Parameter	CartPole Recommended	Pong Recommended	Role
Learning rate	7e-4	7e-4	Parameter update size
Gamma	0.99	0.99	Future reward discount
Entropy coefficient	0.01	0.01	Exploration intensity
Value loss coefficient	0.5	0.5	Critic learning strength
Gradient clipping	0.5	0.5	Training stability
N-steps	5	5	Update interval
Parallel environments	8	16	Data diversity
GAE lambda	0.95	0.95	Bias-variance tradeoff

A2C vs A3C

A3C (Asynchronous Advantage Actor-Critic) is the asynchronous version of A2C.
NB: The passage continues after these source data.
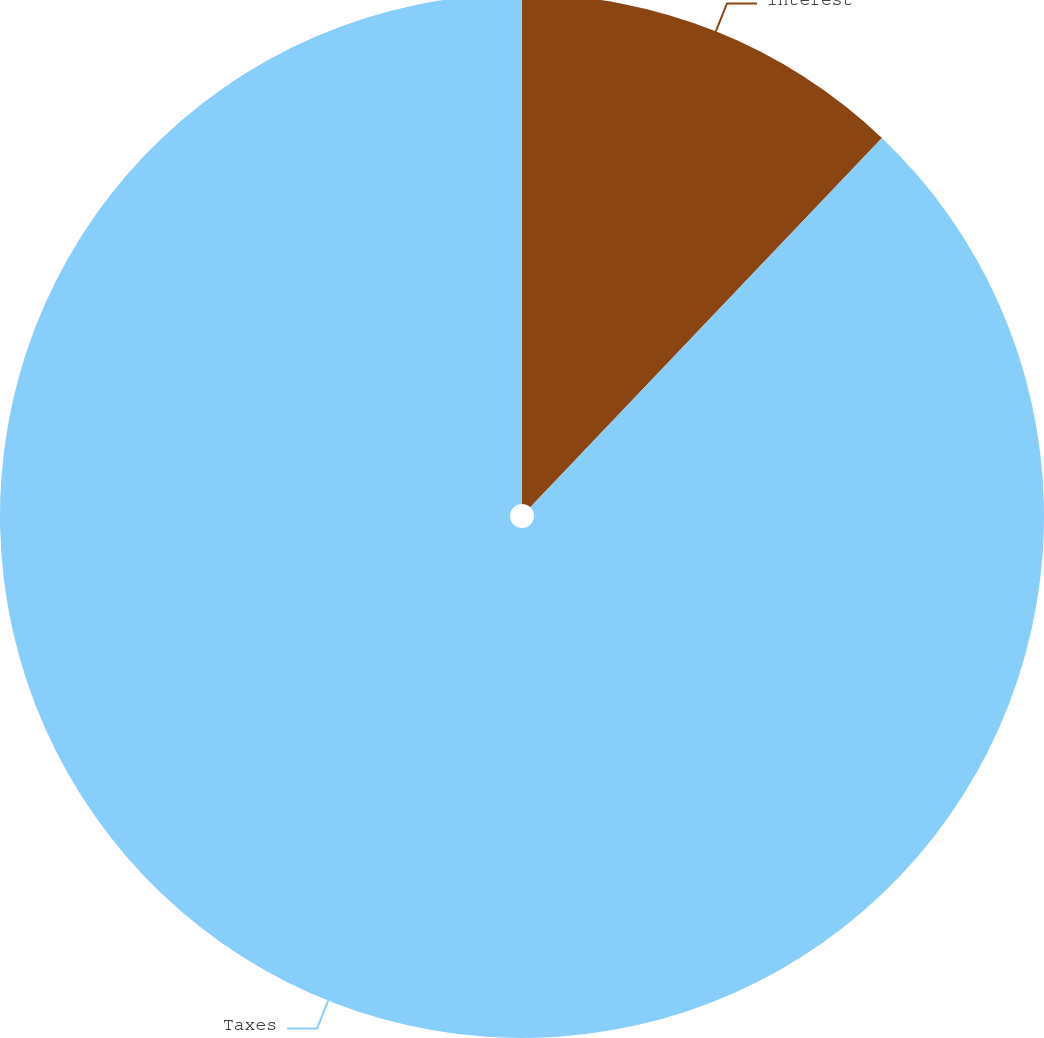Convert chart. <chart><loc_0><loc_0><loc_500><loc_500><pie_chart><fcel>Interest<fcel>Taxes<nl><fcel>12.11%<fcel>87.89%<nl></chart> 
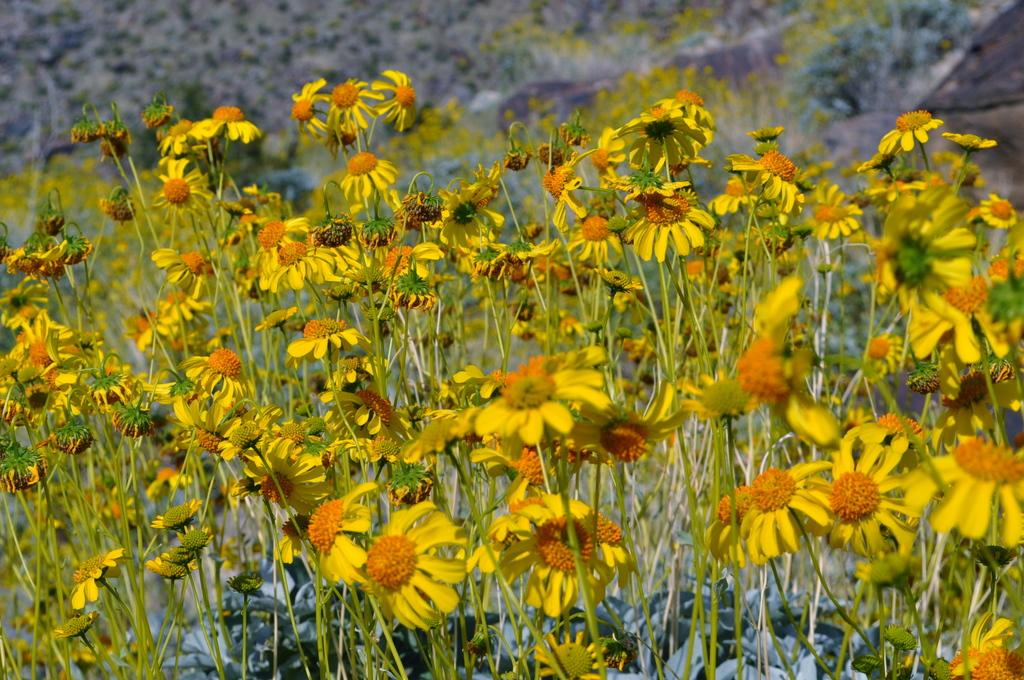What type of living organisms can be seen in the image? Plants can be seen in the image. What color are the flowers on the plants? The flowers on the plants are yellow. Can you describe the background of the image? The background of the image is blurred. What type of music is the band playing in the background of the image? There is no band present in the image, so it is not possible to determine what type of music they might be playing. 
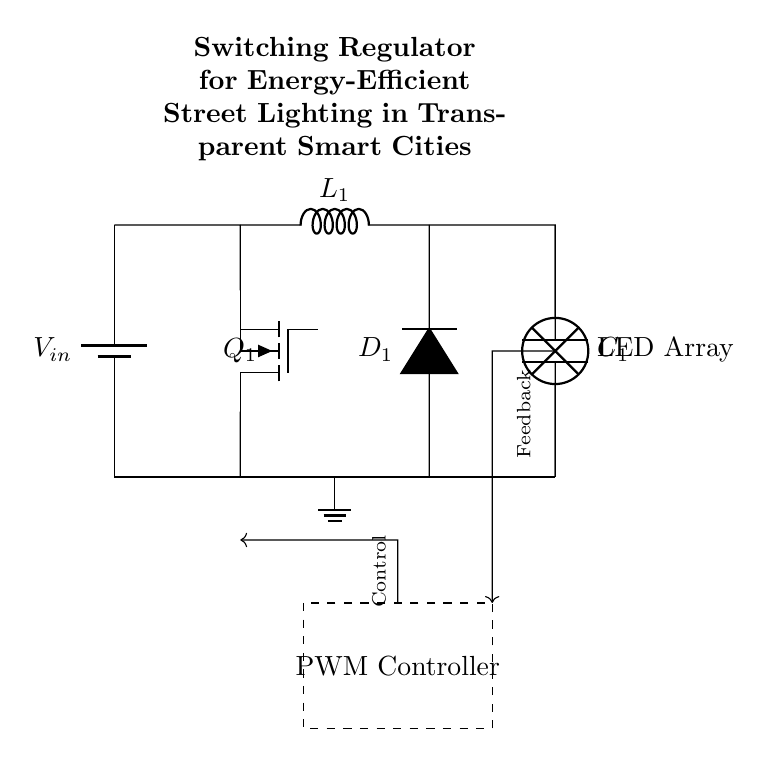What is the input voltage of the circuit? The input voltage is denoted as \( V_{in} \) next to the battery component, which serves as the power source for the circuit.
Answer: V_in What type of control mechanism is used in this circuit? The circuit features a PWM (Pulse Width Modulation) controller, indicated by the dashed rectangle labeled "PWM Controller." This controller modifies the duty cycle of the switching signal based on feedback to regulate output.
Answer: PWM Controller What is the function of the component labeled \( Q_1 \)? The component labeled \( Q_1 \) is a transistor (specifically, a MOSFET), which acts as a switch in the circuit to control the current flow based on the control signal from the PWM controller.
Answer: Switch What is the purpose of the inductor labeled \( L_1 \)? The inductor \( L_1 \) stores energy when the MOSFET is on and releases it when the MOSFET is off, smoothing out the output current and helping with the energy efficiency of the street lighting.
Answer: Energy storage How does the feedback mechanism work in this circuit? The feedback mechanism is represented by the arrow pointing from the output (LED array) back to the PWM controller. This feedback helps adjust the control signal based on the output, ensuring that the desired brightness of the LED array is maintained.
Answer: Stability control What happens to the current when the MOSFET \( Q_1 \) is turned on? When the MOSFET \( Q_1 \) is turned on, it creates a low-resistance path for current to flow from the input through the inductor \( L_1 \), charging it and increasing the output voltage supplied to the LED array.
Answer: Current flows through How many capacitors are present in the circuit? There is one capacitor labeled \( C_1 \) in the circuit diagram, placed after the inductor to filter the output voltage provided to the LED load.
Answer: One 
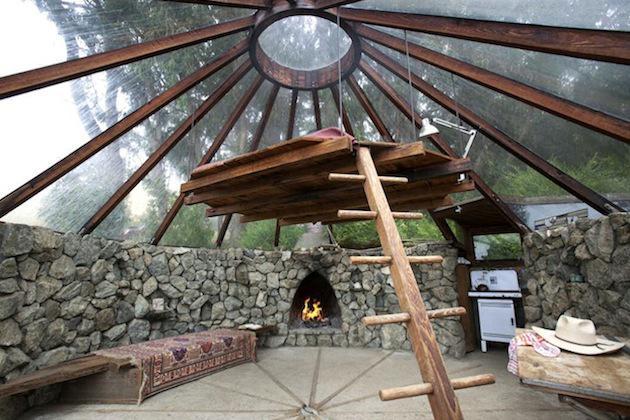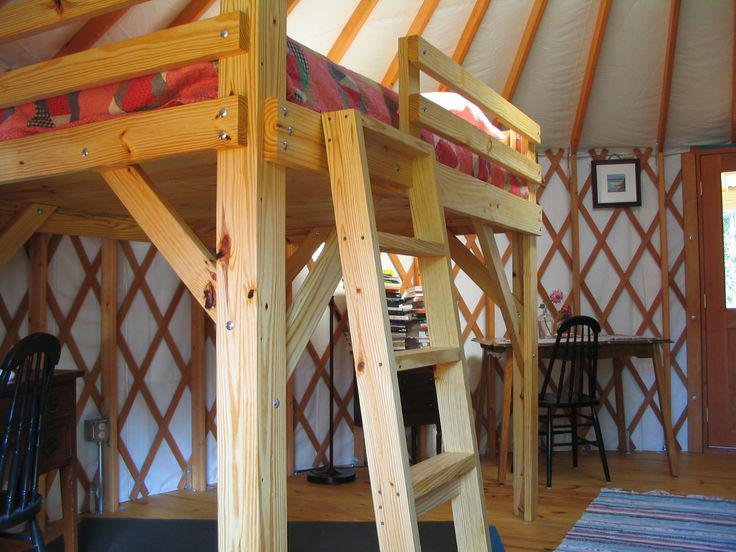The first image is the image on the left, the second image is the image on the right. Analyze the images presented: Is the assertion "A painting hangs on the wall in the image on the right." valid? Answer yes or no. Yes. The first image is the image on the left, the second image is the image on the right. For the images shown, is this caption "Left image shows a camera-facing ladder in front of a loft area with a railing of vertical posts." true? Answer yes or no. No. 
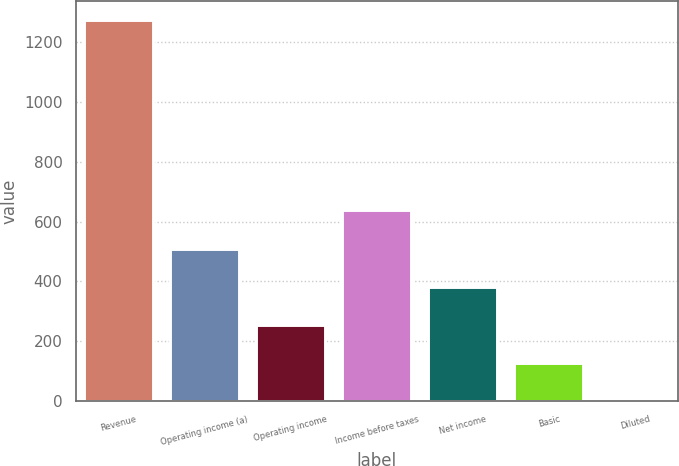<chart> <loc_0><loc_0><loc_500><loc_500><bar_chart><fcel>Revenue<fcel>Operating income (a)<fcel>Operating income<fcel>Income before taxes<fcel>Net income<fcel>Basic<fcel>Diluted<nl><fcel>1273.4<fcel>509.82<fcel>255.28<fcel>637.09<fcel>382.55<fcel>128.01<fcel>0.74<nl></chart> 
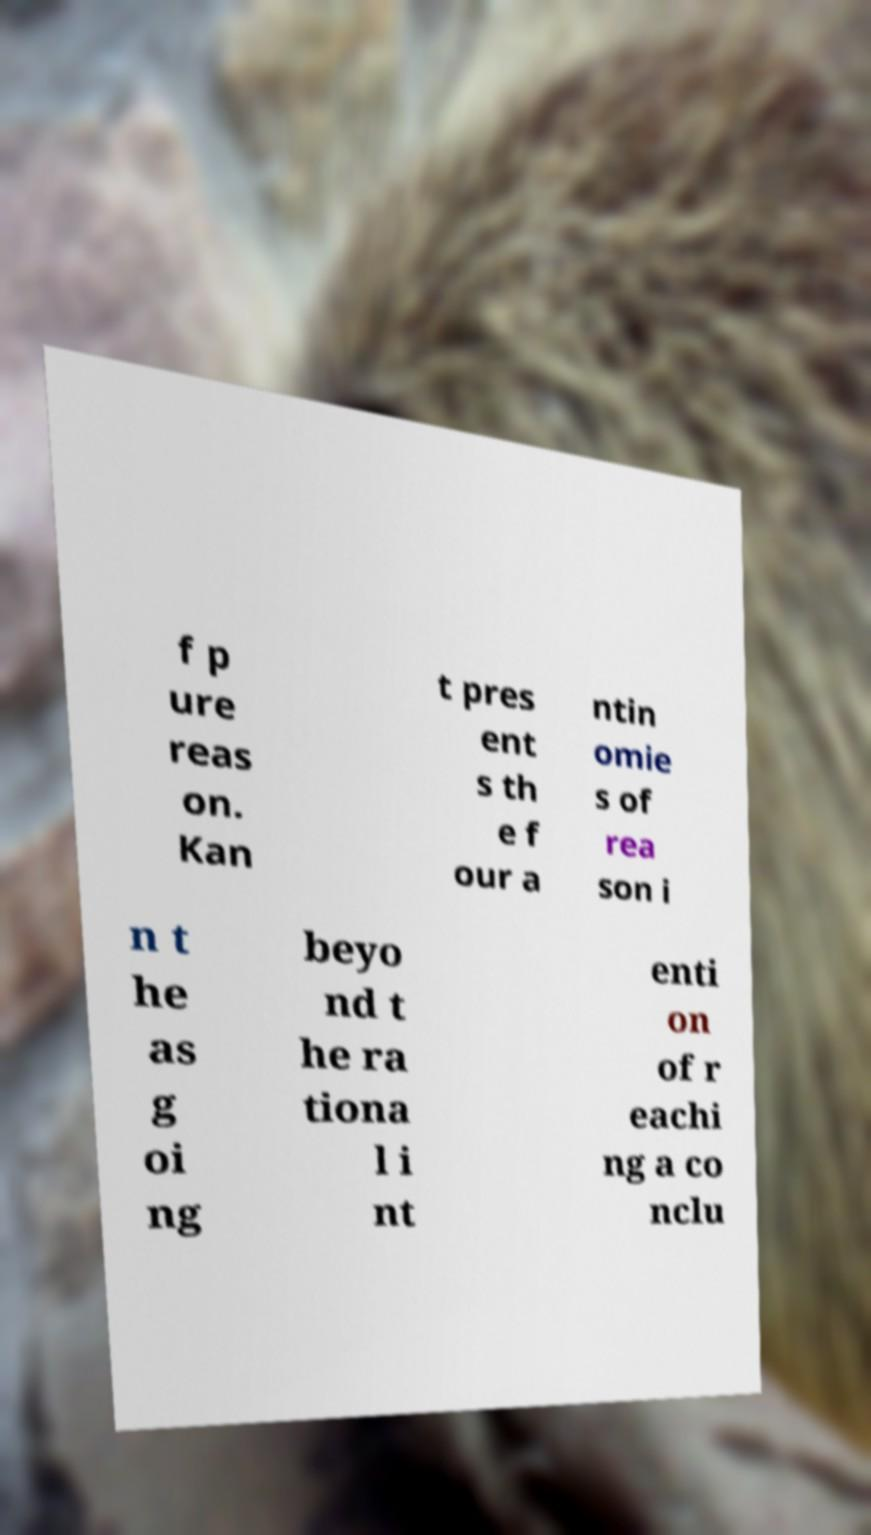Could you assist in decoding the text presented in this image and type it out clearly? f p ure reas on. Kan t pres ent s th e f our a ntin omie s of rea son i n t he as g oi ng beyo nd t he ra tiona l i nt enti on of r eachi ng a co nclu

In practice, A2C is used more than A3C. It allows batch processing with GPUs, implementation is simpler, and performance is equal or better.

Debugging Tips

Common problems and solutions when training A2C:

Reward not changing: Check if learning rate is too small, check if entropy converges to 0 (early convergence), check for vanishing gradients
Reward dropping sharply: Check if learning rate is too large, ensure gradient clipping is applied, check if value loss is exploding
Entropy converging to 0: Increase entropy coefficient, decrease learning rate, verify action space is correct
Value loss not decreasing: Increase value loss coefficient, verify return computation is correct, check if gamma is appropriate

Metrics to Monitor

Reward (most important)
Policy loss (should decrease stably)
Value loss (should decrease stably)
Entropy (should decrease gradually but never reach 0)
Advantage statistics (mean near 0, appropriate variance)
Gradient norm (should not explode)

Complete Series Summary

Summary of the core topics covered in this deep reinforcement learning series:

Part	Topic	Key Concepts
01	What is RL	MDP, agent-environment interaction, reward
02	OpenAI Gym	Environment API, wrappers, vector environments
03	PyTorch basics	Tensors, autograd, neural networks
04	Cross-Entropy	Elite episode selection, CartPole
05	Bellman equation	Value functions, value iteration, Q-learning
06	DQN	Experience replay, target network
07	DQN extensions	Double, Dueling, Rainbow
08	Stock trading	Financial environment design, reward function
09	Policy Gradient	REINFORCE, variance reduction
10	Actor-Critic	A2C, hyperparameter tuning

Next Steps

Advanced topics not covered in this series:

PPO (Proximal Policy Optimization): Currently the most widely used policy-based algorithm
SAC (Soft Actor-Critic): Off-policy actor-critic with entropy regularization
Model-based RL: Learning environment models for improved sample efficiency
Multi-agent RL: Environments where multiple agents cooperate/compete
RLHF: Reinforcement learning from human feedback (used in LLM training)

Summary

Actor-Critic: Simultaneously learns policy (Actor) and value (Critic) to reduce variance
A2C: Improves data collection efficiency with synchronized parallel environments
GAE: Controls bias-variance tradeoff with lambda for advantage estimation
Hyperparameters: Learning rate, entropy coefficient, number of environments, and N-step are key
Debugging: Continuously monitor reward, loss, entropy, and gradient norm

Actor-Critic methods are the foundation of modern reinforcement learning. State-of-the-art algorithms like PPO and SAC are all based on the Actor-Critic architecture.